Kafka as a Messenger Service: Using Topics for In-Flight Data Coordination

Shannon Lowder

26 Mar 2021 — 2 min read

The data ingest pipeline was reliable until something upstream changed. A source system would update a row, the pipeline would pick it up on the next run, and whatever was downstream would see the change — but only after the pipeline completed and the Delta table got refreshed. That was fine for daily batch workloads. It was not fine for the risk analysis pipeline that needed to know about a status change within minutes, not hours.

The fix wasn't to make the batch pipeline faster. It was to use Kafka as a coordination layer — a messenger service for data that was still in flight.
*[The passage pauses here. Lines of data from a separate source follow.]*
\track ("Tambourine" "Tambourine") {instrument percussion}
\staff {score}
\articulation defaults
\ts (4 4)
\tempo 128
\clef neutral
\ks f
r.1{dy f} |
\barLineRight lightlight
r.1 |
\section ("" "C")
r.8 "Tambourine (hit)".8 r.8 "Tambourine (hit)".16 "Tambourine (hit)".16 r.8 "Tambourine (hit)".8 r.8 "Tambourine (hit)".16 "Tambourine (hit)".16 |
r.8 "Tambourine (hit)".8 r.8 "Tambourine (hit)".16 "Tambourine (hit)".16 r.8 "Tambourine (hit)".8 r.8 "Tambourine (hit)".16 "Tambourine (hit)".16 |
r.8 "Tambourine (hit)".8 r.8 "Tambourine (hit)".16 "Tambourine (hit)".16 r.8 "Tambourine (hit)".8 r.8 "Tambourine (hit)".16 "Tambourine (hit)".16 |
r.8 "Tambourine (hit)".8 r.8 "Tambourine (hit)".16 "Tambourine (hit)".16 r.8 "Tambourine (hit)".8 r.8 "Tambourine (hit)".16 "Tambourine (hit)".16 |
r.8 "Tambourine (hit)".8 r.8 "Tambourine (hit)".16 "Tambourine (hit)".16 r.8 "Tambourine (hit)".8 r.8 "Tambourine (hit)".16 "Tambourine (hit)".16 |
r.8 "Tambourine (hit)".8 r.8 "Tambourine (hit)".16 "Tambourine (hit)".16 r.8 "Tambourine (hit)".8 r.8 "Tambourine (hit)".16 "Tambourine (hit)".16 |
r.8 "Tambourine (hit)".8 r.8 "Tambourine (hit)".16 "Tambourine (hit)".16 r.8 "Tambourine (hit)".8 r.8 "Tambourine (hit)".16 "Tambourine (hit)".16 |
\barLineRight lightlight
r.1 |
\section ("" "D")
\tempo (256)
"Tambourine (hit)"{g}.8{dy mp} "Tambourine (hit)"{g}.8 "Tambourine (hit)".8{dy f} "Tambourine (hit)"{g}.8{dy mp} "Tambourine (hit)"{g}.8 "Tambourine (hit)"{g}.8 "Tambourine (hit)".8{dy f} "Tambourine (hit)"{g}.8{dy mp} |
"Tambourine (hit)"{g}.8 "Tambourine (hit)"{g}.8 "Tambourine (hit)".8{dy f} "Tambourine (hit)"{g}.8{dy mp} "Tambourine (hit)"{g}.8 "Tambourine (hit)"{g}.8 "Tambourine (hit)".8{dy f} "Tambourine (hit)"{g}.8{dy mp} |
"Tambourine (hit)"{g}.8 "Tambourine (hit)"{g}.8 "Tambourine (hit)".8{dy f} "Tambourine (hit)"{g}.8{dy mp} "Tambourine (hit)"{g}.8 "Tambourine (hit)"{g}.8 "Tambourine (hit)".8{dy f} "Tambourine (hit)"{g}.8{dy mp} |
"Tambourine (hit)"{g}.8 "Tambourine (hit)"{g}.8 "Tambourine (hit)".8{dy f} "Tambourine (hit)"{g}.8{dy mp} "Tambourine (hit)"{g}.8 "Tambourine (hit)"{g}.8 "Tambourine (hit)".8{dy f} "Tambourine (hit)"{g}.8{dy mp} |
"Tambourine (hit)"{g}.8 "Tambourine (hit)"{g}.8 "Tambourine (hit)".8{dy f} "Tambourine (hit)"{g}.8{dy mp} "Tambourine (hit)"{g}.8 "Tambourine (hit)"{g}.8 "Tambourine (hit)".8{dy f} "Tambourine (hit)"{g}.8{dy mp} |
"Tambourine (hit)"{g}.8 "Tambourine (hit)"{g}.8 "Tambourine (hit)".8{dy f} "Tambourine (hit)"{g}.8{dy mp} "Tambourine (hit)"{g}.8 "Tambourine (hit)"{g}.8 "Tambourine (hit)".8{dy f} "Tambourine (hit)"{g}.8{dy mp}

Kafka as a Coordination Bus, Not Just a Source

Most of the Kafka content I've seen treats it as an event source — something that generates events that your pipeline consumes. That's one use. The pattern that proved more useful for this engagement was using Kafka as a signaling mechanism between pipeline stages: one stage publishes a message when it finishes a unit of work, and the next stage listens for that message before proceeding.

This is different from a polling model (the next stage queries a database or file system to see if the previous stage finished) and different from a direct API call (which creates coupling between stages). The Kafka message is fire-and-forget from the producer's perspective; the consumer decides when to act on it.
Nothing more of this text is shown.